In [1]:
import numpy as np 

## make your code faster with vectorization and broadcasting in NumPy. These techniques are key to boosting performance in numerical operations by avoiding slow loops and memory inefficiency.

In [2]:
arr = np.array([1, 2, 3, 4, 5])
result = []
 
# Using a loop to square each element (slow)
for num in arr:
    result.append(num ** 2)
 
print(result)  # Output: [1, 4, 9, 16, 25]

[np.int64(1), np.int64(4), np.int64(9), np.int64(16), np.int64(25)]


In [3]:
# vectorization 
# Vectorization allows you to perform operations on entire arrays at once, instead of iterating over elements one by one.

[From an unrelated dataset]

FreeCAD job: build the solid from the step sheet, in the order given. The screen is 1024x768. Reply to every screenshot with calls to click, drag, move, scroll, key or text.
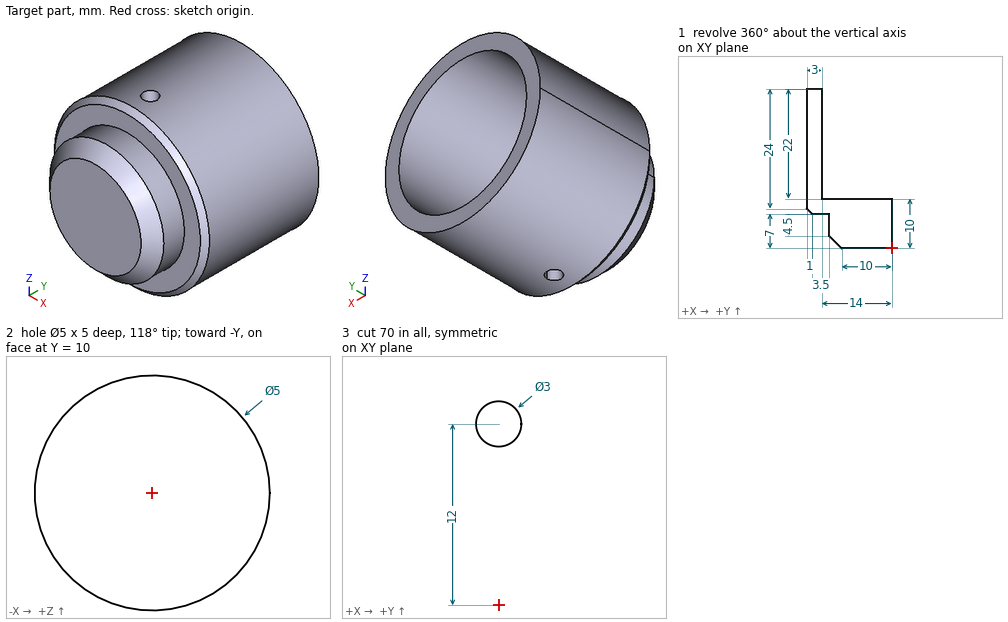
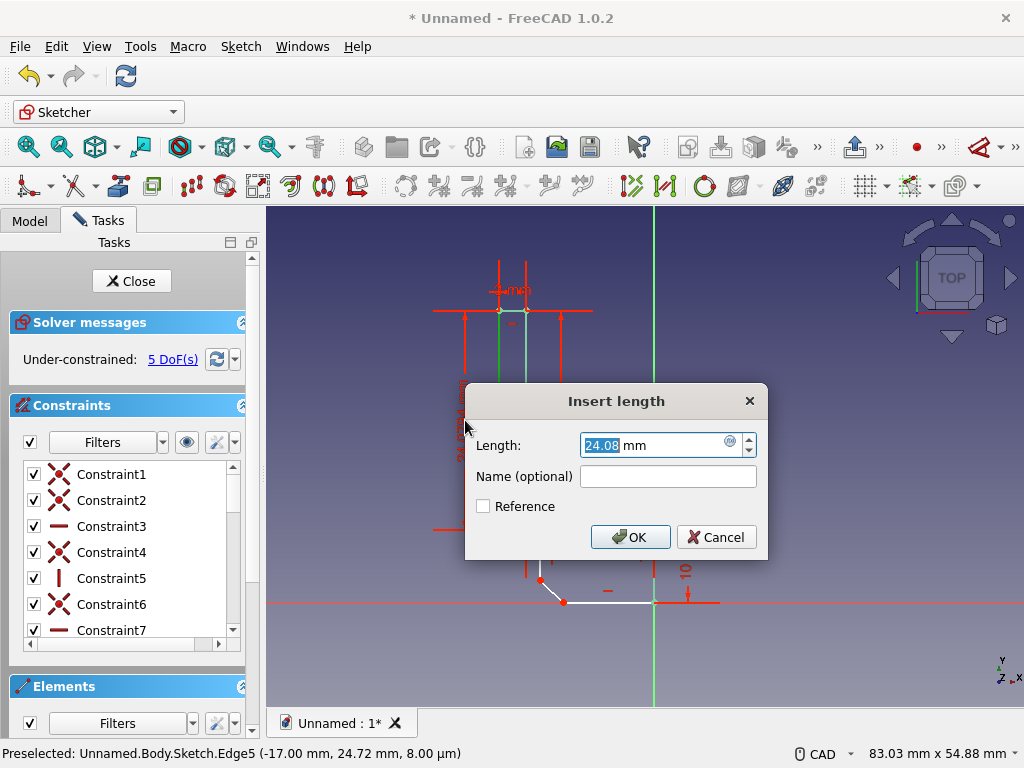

This is made possible by NumPy’s optimized C-based backend that executes operations in compiled code, which is much faster than Python loops.

# Vectorized operations are also more readable and compact, making your code easier to maintain.
arr2 = np.array([1, 2, 3, 4, 5])
result = arr2 ** 2  # Vectorized operation
print(result)  # Output: [1 4 9 16 25]

[ 1  4  9 16 25]


### Low-level implementation: NumPy’s vectorized operations are implemented in C (compiled language), which is much faster than Python loops.

### Batch processing: NumPy processes multiple elements in parallel using SIMD (Single Instruction, Multiple Data), allowing multiple operations to be done simultaneously.


In [4]:
# broadcasting scaling arrays without extra memory 
# Broadcasting is often used when you want to perform an operation on an array and a scalar value (e.g., add a number to all elements of an array).
arr3 = np.array([1, 2, 3, 4, 5])
result = arr3 + 10  # Broadcasting: 10 is added to all elements
print(result)  # Output: [11 12 13 14 15]

[11 12 13 14 15]


In [5]:
# broad casting arrays with different shapes 
arr1 = np.array([1, 2, 3])
arr2 = np.array([10, 20, 30])

result = arr1 + arr2  # Element-wise addition
print(result)  # Output: [11 22 33]

[11 22 33]


In [6]:
#  broadcasting 2d and a 1d array
arr1 = np.array([[1, 2, 3], [4, 5, 6]])
arr2 = np.array([1, 2, 3])

result = arr1 + arr2  # Broadcasting arr2 across arr1
print(result)
# Output:
# [[2 4 6]
#  [5 7 9]]

[[2 4 6]
 [5 7 9]]


In [7]:
# real world scenario 
# Simulating a dataset (5 samples, 3 features)
data = np.array([[10, 20, 30],
                 [15, 25, 35],
                 [20, 30, 40],
                 [25, 35, 45],
                 [30, 40, 50]])

# Calculating mean and standard deviation for each feature (column)
mean = data.mean(axis=0)
std = data.std(axis=0)

# Normalizing the data using broadcasting
normalized_data = (data - mean) / std

print(normalized_data)

[[-1.41421356 -1.41421356 -1.41421356]
 [-0.70710678 -0.70710678 -0.70710678]
 [ 0.          0.          0.        ]
 [ 0.70710678  0.70710678  0.70710678]
 [ 1.41421356  1.41421356  1.41421356]]


## Summary:
    - Loops are slow because Python's interpreter adds overhead, making iteration less efficient.

    - Vectorization allows you to apply operations to entire arrays at once, greatly improving performance by utilizing NumPy’s optimized C backend.
    - Broadcasting enables operations between arrays of different shapes by automatically stretching the smaller array to match the shape of the    larger array, without creating additional copies.
    Real-world use: Broadcasting can be used in data science tasks, such as normalizing datasets, without sacrificing memory or performance.